[Source material]
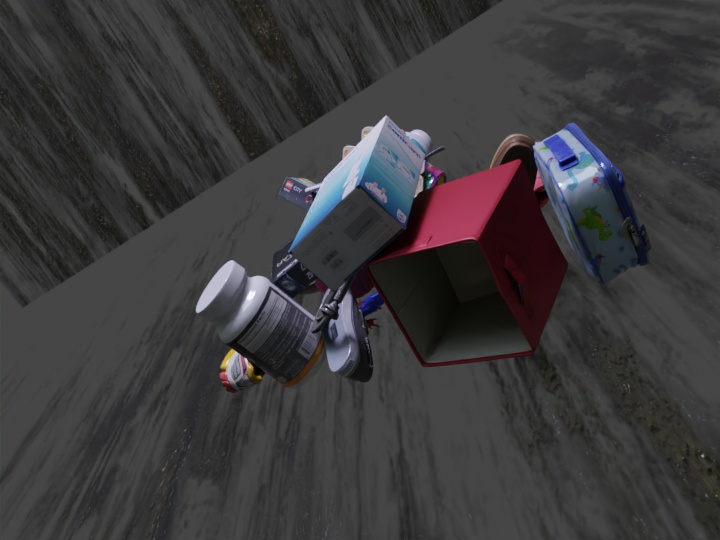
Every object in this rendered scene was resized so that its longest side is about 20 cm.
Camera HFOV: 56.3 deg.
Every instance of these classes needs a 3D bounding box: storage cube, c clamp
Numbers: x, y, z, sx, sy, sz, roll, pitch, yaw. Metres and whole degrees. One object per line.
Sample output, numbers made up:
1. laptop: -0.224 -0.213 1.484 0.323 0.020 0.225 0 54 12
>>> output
1. storage cube: 0.142 -0.007 0.874 0.197 0.173 0.181 -13 28 42
2. c clamp: -0.018 0.002 0.970 0.204 0.027 0.171 -62 10 -6

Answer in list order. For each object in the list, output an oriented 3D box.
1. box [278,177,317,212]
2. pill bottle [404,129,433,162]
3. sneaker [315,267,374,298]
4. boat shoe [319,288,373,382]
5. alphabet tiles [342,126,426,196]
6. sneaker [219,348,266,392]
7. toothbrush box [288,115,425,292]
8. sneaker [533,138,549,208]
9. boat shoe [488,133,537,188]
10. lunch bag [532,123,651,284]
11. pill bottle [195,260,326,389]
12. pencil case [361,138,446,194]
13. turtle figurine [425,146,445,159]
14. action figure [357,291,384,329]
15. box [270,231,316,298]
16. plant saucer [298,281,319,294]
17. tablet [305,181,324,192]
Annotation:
1. box: -0.050 -0.116 1.298 0.038 0.196 0.137 -62 -6 11
2. pill bottle: 0.089 -0.236 1.518 0.109 0.112 0.201 -8 32 47
3. sneaker: 0.000 0.000 1.178 0.196 0.084 0.088 -20 1 -32
4. boat shoe: -0.015 0.090 1.014 0.070 0.065 0.202 -48 28 19
5. alphabet tiles: 0.041 -0.181 1.347 0.191 0.206 0.014 13 18 31
6. sneaker: -0.168 0.129 1.187 0.080 0.078 0.203 -12 39 34
7. toothbrush box: 0.000 -0.093 0.901 0.146 0.085 0.202 -40 19 33
8. sneaker: 0.290 -0.139 1.108 0.085 0.075 0.201 12 52 43
9. boat shoe: 0.213 -0.096 0.980 0.070 0.204 0.068 12 37 2
10. lunch bag: 0.287 -0.091 0.856 0.081 0.163 0.201 -26 21 14
11. pill bottle: -0.148 0.083 1.036 0.116 0.199 0.117 -42 22 22
12. pencil case: 0.081 -0.207 1.371 0.198 0.089 0.088 35 61 23
13. turtle figurine: 0.109 -0.145 1.193 0.197 0.147 0.192 -31 -14 28
14. action figure: 0.010 0.062 1.091 0.197 0.052 0.066 -31 15 21
15. box: -0.064 -0.049 1.139 0.198 0.044 0.161 -39 18 8
16. plant saucer: -0.073 -0.011 1.381 0.197 0.037 0.202 -29 22 13
17. tablet: -0.002 -0.169 1.175 0.128 0.014 0.198 -26 11 -32
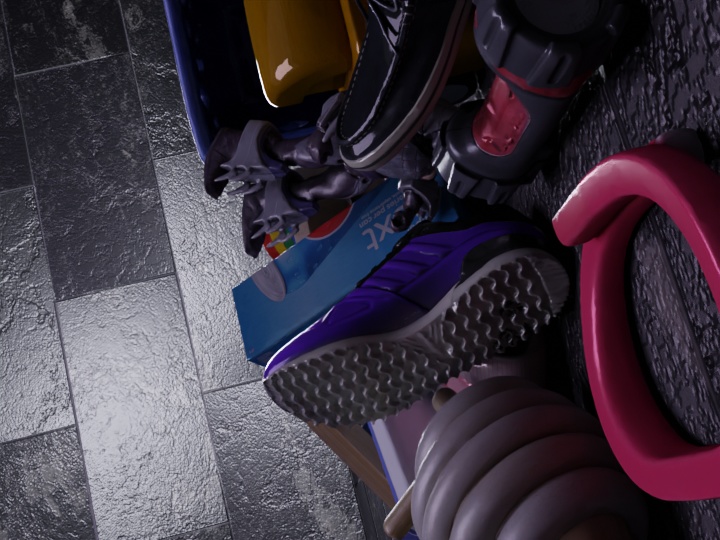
[/Source material]
What this task involves
Copy all of the data above exactly. Leave out every picture.

Reply
Every object in this rendered scene was resized so that its longest side is about 20 cm.
Camera HFOV: 56.3 deg.
Every instance of these classes needs a 3D bounding box: storage cube, c clamp
Numbers: x, y, z, sx, sy, sz, roll, pitch, yaw. Metres and whole degrees. One object per line.
Sample output, numbers made up:
1. laptop: -0.224 -0.213 1.484 0.323 0.020 0.225 0 54 12
>>> output
1. storage cube: 0.142 -0.007 0.874 0.197 0.173 0.181 -13 28 42
2. c clamp: -0.018 0.002 0.970 0.204 0.027 0.171 -62 10 -6

Answer in list order. For each object in the list, output an oriented 3D box.
1. box [278,177,317,212]
2. pill bottle [404,129,433,162]
3. sneaker [315,267,374,298]
4. boat shoe [319,288,373,382]
5. alphabet tiles [342,126,426,196]
6. sneaker [219,348,266,392]
7. toothbrush box [288,115,425,292]
8. sneaker [533,138,549,208]
9. boat shoe [488,133,537,188]
10. lunch bag [532,123,651,284]
11. pill bottle [195,260,326,389]
12. pencil case [361,138,446,194]
13. turtle figurine [425,146,445,159]
14. action figure [357,291,384,329]
15. box [270,231,316,298]
16. plant saucer [298,281,319,294]
17. tablet [305,181,324,192]
Annotation:
1. box: -0.050 -0.116 1.298 0.038 0.196 0.137 -62 -6 11
2. pill bottle: 0.089 -0.236 1.518 0.109 0.112 0.201 -8 32 47
3. sneaker: 0.000 0.000 1.178 0.196 0.084 0.088 -20 1 -32
4. boat shoe: -0.015 0.090 1.014 0.070 0.065 0.202 -48 28 19
5. alphabet tiles: 0.041 -0.181 1.347 0.191 0.206 0.014 13 18 31
6. sneaker: -0.168 0.129 1.187 0.080 0.078 0.203 -12 39 34
7. toothbrush box: 0.000 -0.093 0.901 0.146 0.085 0.202 -40 19 33
8. sneaker: 0.290 -0.139 1.108 0.085 0.075 0.201 12 52 43
9. boat shoe: 0.213 -0.096 0.980 0.070 0.204 0.068 12 37 2
10. lunch bag: 0.287 -0.091 0.856 0.081 0.163 0.201 -26 21 14
11. pill bottle: -0.148 0.083 1.036 0.116 0.199 0.117 -42 22 22
12. pencil case: 0.081 -0.207 1.371 0.198 0.089 0.088 35 61 23
13. turtle figurine: 0.109 -0.145 1.193 0.197 0.147 0.192 -31 -14 28
14. action figure: 0.010 0.062 1.091 0.197 0.052 0.066 -31 15 21
15. box: -0.064 -0.049 1.139 0.198 0.044 0.161 -39 18 8
16. plant saucer: -0.073 -0.011 1.381 0.197 0.037 0.202 -29 22 13
17. tablet: -0.002 -0.169 1.175 0.128 0.014 0.198 -26 11 -32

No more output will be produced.